Data entries:
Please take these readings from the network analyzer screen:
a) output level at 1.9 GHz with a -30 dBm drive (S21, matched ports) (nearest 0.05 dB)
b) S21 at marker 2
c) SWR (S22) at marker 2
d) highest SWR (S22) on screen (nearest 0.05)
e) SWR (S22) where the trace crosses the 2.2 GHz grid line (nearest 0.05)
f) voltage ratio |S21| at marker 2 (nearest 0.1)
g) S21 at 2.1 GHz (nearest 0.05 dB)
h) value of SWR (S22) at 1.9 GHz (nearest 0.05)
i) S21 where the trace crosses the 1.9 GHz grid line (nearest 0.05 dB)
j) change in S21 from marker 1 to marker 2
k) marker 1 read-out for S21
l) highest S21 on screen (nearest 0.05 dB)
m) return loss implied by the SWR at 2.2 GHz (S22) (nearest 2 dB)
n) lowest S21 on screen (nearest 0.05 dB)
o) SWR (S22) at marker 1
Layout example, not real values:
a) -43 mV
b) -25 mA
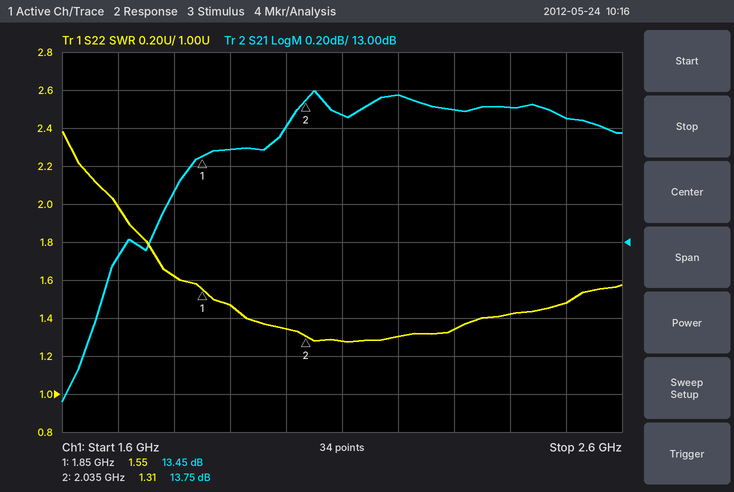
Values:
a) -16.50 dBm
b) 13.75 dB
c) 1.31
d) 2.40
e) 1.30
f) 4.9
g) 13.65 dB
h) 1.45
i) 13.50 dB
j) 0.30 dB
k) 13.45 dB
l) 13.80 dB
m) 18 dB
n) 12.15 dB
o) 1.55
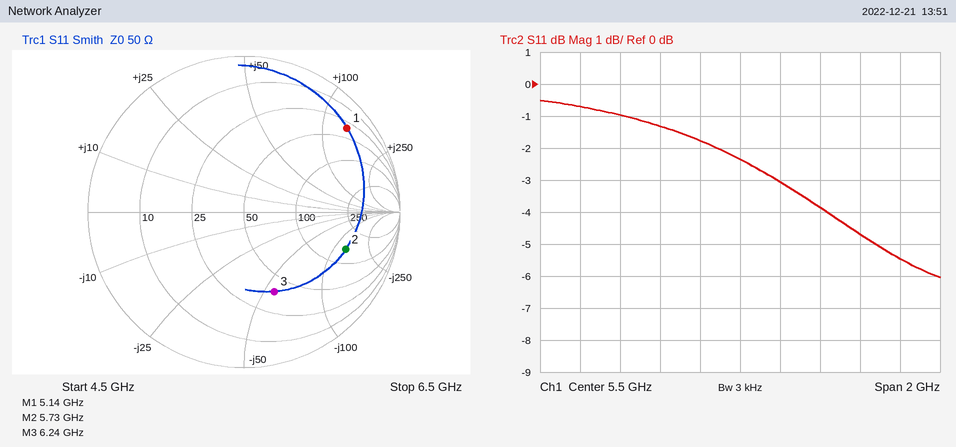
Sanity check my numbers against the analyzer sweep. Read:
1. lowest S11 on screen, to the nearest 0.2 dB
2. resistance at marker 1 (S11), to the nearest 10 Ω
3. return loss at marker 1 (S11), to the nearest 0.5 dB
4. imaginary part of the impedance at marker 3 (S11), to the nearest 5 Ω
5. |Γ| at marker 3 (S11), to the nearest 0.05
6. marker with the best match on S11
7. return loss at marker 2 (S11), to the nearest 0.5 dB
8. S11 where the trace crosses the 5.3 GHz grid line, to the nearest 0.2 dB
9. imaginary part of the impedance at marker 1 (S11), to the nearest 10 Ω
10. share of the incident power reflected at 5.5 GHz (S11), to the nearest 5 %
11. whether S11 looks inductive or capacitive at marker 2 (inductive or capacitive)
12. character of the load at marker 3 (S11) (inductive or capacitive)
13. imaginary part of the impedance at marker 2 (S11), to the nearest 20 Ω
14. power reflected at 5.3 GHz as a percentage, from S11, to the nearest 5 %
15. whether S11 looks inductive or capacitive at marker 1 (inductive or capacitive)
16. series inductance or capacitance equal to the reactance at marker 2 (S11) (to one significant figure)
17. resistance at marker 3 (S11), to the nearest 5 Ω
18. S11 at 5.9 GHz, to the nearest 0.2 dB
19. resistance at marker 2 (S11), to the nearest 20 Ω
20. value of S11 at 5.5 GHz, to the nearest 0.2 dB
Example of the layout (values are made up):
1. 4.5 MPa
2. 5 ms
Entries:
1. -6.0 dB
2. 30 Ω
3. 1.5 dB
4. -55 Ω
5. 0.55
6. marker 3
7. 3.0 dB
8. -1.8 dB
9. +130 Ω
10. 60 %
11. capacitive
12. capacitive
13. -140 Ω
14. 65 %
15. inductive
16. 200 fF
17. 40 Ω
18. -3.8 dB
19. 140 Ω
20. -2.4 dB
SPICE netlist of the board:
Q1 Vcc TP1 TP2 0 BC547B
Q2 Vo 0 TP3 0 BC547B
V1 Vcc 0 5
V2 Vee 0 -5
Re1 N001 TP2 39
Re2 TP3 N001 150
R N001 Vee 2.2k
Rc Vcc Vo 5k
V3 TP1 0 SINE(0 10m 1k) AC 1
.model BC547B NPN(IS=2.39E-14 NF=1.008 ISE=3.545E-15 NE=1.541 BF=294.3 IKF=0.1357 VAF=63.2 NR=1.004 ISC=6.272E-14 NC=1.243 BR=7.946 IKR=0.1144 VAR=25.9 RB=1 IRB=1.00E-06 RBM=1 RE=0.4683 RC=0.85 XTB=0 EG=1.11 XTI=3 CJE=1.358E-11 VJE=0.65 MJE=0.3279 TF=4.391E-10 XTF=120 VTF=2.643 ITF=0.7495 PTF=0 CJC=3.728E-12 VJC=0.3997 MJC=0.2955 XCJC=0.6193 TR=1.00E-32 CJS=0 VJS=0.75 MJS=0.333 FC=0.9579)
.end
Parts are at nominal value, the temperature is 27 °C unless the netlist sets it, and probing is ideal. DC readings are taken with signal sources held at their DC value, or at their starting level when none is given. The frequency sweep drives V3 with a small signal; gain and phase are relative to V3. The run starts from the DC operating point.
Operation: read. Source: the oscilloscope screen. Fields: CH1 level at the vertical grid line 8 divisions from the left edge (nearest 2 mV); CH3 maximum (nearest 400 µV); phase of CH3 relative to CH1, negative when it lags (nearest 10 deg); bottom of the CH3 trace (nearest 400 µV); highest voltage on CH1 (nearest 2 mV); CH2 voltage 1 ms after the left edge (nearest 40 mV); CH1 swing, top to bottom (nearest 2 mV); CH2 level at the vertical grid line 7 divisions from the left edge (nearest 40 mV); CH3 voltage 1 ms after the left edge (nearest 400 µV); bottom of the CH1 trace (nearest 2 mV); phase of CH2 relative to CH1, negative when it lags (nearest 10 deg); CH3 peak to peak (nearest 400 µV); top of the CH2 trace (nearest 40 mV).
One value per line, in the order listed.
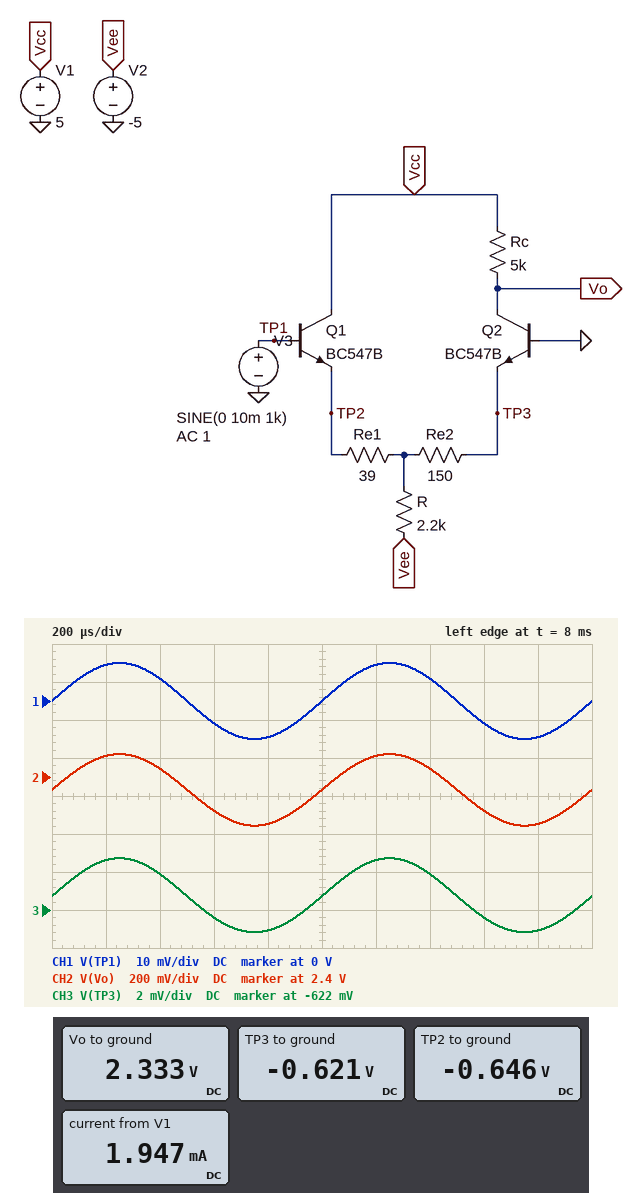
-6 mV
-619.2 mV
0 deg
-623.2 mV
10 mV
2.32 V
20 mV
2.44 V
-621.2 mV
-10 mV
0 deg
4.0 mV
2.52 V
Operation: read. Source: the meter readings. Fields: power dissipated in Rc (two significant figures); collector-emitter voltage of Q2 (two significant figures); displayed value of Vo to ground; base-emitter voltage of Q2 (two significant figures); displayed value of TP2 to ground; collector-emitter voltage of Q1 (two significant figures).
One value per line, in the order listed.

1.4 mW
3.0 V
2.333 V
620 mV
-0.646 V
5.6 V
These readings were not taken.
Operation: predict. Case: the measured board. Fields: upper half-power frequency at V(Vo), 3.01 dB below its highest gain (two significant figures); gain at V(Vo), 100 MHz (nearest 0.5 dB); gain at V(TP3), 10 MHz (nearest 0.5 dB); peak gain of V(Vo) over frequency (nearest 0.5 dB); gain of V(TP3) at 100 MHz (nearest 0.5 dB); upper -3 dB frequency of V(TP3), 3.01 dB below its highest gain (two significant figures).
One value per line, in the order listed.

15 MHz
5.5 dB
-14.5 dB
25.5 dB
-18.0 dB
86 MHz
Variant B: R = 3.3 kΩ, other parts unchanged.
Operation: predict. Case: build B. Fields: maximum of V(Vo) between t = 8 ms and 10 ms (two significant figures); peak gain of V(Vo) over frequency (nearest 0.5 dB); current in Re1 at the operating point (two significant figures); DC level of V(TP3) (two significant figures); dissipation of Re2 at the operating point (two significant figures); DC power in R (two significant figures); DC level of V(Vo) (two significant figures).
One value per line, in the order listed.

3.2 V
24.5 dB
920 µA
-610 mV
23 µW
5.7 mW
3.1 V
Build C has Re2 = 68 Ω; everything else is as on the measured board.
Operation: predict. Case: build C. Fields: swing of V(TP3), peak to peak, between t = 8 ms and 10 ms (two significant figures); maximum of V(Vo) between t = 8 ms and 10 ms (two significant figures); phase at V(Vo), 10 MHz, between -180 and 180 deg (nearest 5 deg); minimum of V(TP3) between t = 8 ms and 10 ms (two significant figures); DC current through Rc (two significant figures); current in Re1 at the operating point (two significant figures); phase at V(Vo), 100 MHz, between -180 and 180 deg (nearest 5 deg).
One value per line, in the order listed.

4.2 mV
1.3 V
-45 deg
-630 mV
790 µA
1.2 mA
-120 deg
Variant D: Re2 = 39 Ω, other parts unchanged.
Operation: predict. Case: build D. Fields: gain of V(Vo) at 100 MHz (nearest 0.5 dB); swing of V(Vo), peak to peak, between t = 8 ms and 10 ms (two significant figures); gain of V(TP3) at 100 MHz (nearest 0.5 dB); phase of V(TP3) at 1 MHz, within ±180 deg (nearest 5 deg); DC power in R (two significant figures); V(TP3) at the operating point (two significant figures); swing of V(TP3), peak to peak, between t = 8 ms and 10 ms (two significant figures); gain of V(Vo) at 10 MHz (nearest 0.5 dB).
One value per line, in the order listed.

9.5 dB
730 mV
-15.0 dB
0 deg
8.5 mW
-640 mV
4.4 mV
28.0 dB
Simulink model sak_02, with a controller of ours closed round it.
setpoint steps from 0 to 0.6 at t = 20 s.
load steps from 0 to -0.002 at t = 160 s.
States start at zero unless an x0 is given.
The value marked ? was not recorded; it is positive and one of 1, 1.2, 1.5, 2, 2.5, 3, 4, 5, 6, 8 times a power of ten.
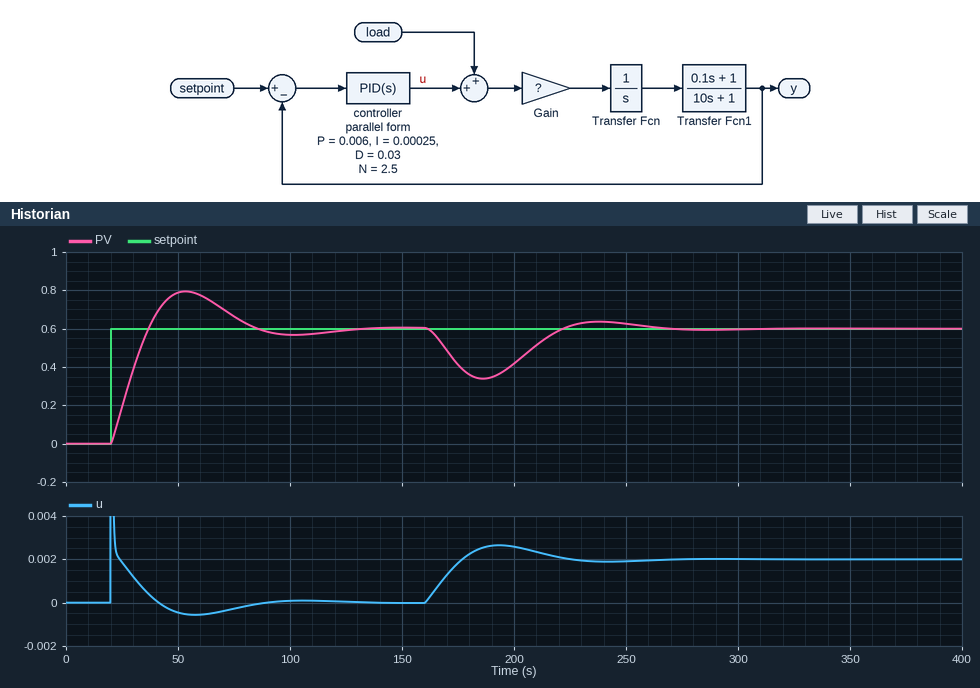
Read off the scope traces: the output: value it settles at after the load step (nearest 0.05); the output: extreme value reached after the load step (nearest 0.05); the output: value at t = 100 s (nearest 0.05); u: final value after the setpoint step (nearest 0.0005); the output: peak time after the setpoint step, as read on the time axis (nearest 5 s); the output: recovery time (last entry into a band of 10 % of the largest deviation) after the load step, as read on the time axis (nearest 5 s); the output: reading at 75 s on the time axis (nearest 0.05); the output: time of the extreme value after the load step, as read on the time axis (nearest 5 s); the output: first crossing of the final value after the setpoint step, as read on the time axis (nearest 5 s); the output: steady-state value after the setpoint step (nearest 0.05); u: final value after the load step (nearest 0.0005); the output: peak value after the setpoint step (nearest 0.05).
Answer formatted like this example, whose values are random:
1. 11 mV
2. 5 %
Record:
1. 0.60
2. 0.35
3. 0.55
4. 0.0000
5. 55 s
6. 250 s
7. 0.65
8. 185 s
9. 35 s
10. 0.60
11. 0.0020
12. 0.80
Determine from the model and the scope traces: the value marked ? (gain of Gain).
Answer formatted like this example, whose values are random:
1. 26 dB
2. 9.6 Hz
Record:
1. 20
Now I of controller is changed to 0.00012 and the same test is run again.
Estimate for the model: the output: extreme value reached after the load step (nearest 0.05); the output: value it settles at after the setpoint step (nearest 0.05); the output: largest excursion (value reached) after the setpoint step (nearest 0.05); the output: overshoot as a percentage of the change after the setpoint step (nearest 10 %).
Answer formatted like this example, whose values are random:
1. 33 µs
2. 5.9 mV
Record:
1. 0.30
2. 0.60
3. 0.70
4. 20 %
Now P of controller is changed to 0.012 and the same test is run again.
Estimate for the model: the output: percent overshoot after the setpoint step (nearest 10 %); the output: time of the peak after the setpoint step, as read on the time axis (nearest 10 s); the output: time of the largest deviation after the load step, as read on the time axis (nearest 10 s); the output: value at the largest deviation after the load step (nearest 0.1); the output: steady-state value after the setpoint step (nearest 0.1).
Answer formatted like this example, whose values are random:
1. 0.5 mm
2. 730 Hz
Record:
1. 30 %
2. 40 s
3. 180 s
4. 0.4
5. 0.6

## WHAT IS REQUIRED
For each line of the entries that includes "given", show that line.

## TASK ANSWER
Parts are at nominal value, the temperature is 27 °C unless the netlist sets it, and probing is ideal. DC readings are taken with signal sources held at their DC value, or at their starting level when none is given. The frequency sweep drives V3 with a small signal; gain and phase are relative to V3. The run starts from the DC operating point.
States start at zero unless an x0 is given.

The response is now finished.